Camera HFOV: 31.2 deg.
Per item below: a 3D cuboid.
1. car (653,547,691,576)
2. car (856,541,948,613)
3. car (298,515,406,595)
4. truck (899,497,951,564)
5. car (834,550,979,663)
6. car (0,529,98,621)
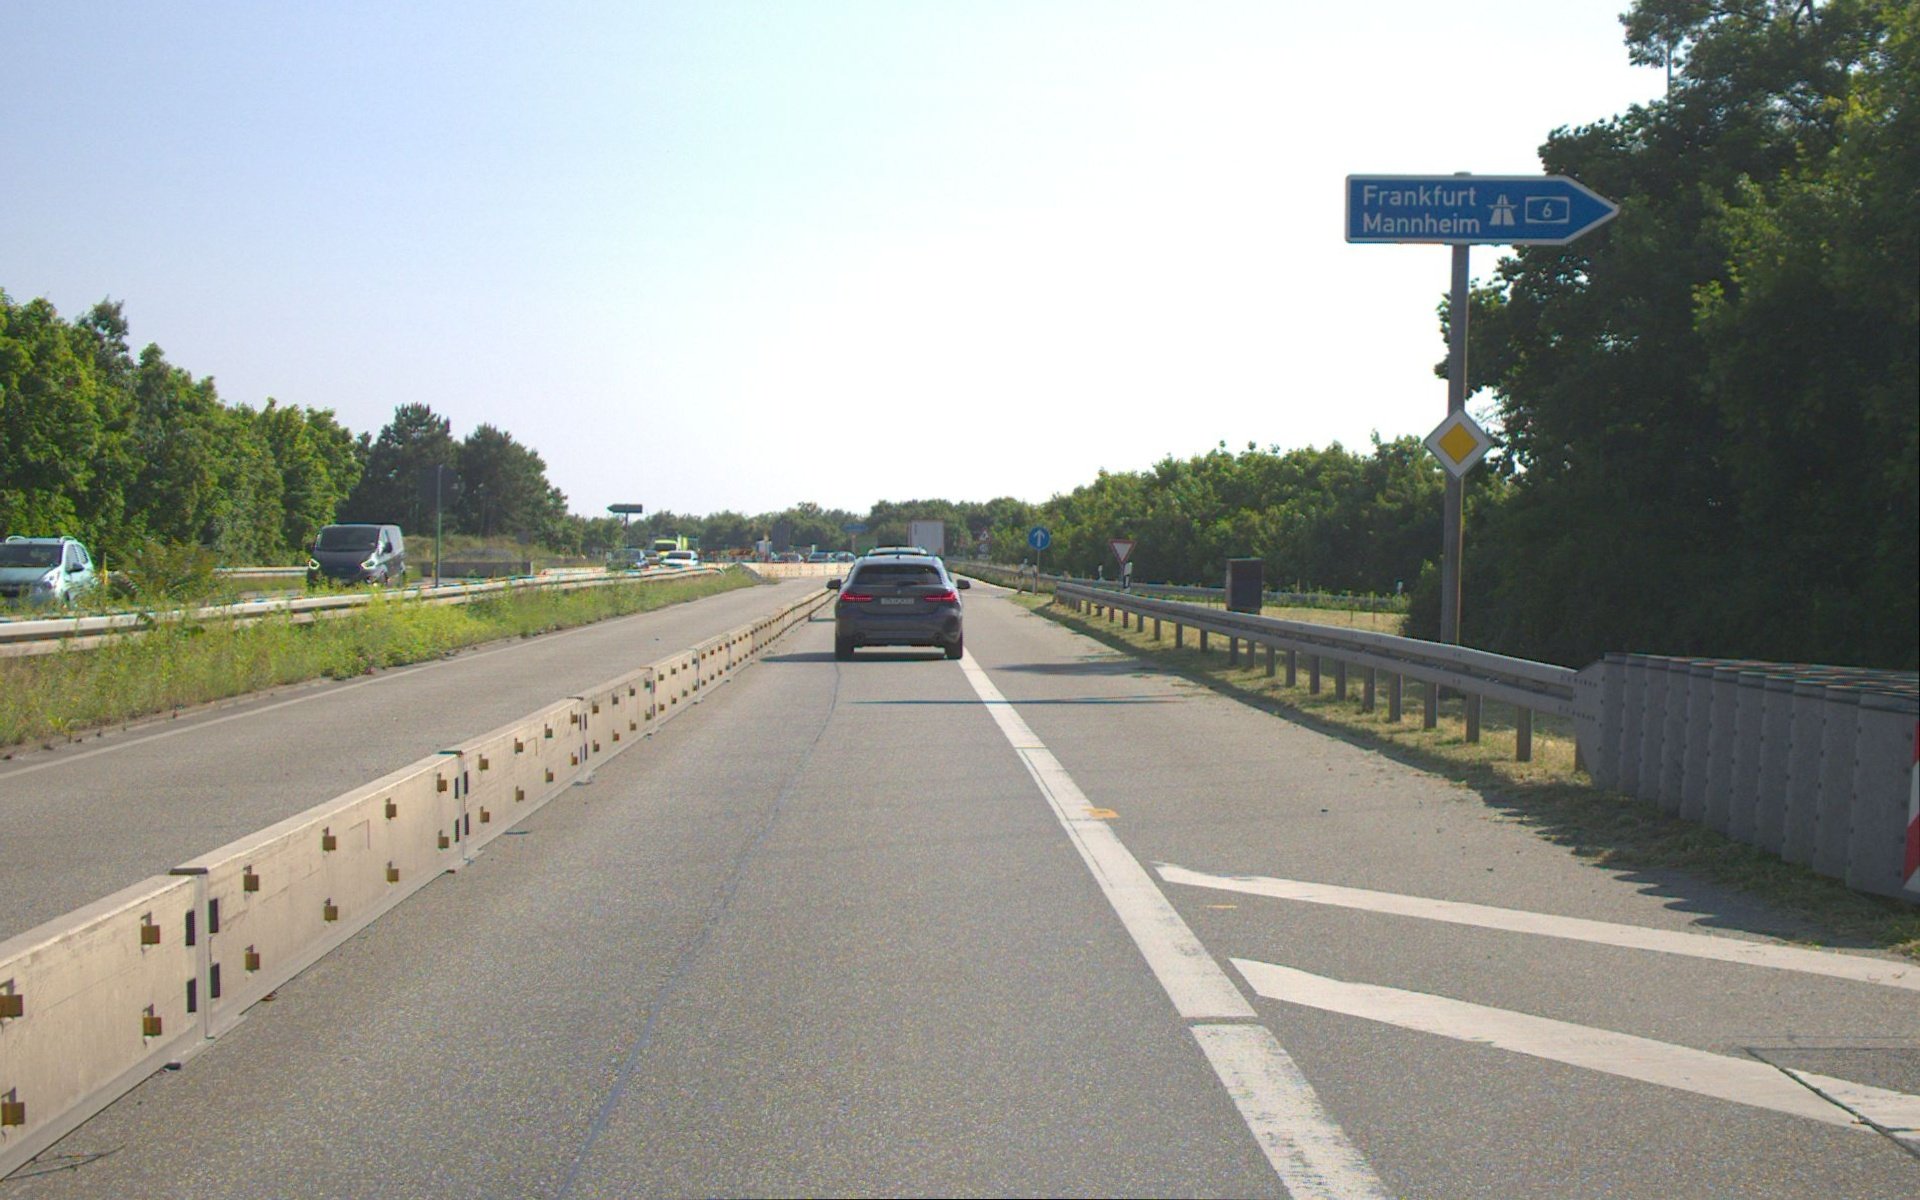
[{"bbox_3d":[-15.502,-2.093,185.483,1.759,1.465,4.795,2,1,-2],"label":"car"},{"bbox_3d":[-1.275,-0.532,76.343,1.993,1.561,4.000,0,1,-1],"label":"car"},{"bbox_3d":[-15.887,-1.188,90.106,1.993,2.027,5.169,0,1,-1],"label":"car"},{"bbox_3d":[-2.701,-5.287,261.858,3.761,4.894,14.137,1,1,-1],"label":"truck"},{"bbox_3d":[-0.798,0.062,48.736,1.920,1.488,4.001,1,1,-2],"label":"car"},{"bbox_3d":[-16.269,-0.458,59.777,1.646,1.526,3.819,2,1,-1],"label":"car"}]
——————————
▶ _Activity_: Copy all the material above exactly, but skip each image.

▶ _Task solution_:
Camera HFOV: 31.2 deg.
Per item below: a 3D cuboid.
1. car (653,547,691,576)
2. car (856,541,948,613)
3. car (298,515,406,595)
4. truck (899,497,951,564)
5. car (834,550,979,663)
6. car (0,529,98,621)
[{"bbox_3d":[-15.502,-2.093,185.483,1.759,1.465,4.795,2,1,-2],"label":"car"},{"bbox_3d":[-1.275,-0.532,76.343,1.993,1.561,4.000,0,1,-1],"label":"car"},{"bbox_3d":[-15.887,-1.188,90.106,1.993,2.027,5.169,0,1,-1],"label":"car"},{"bbox_3d":[-2.701,-5.287,261.858,3.761,4.894,14.137,1,1,-1],"label":"truck"},{"bbox_3d":[-0.798,0.062,48.736,1.920,1.488,4.001,1,1,-2],"label":"car"},{"bbox_3d":[-16.269,-0.458,59.777,1.646,1.526,3.819,2,1,-1],"label":"car"}]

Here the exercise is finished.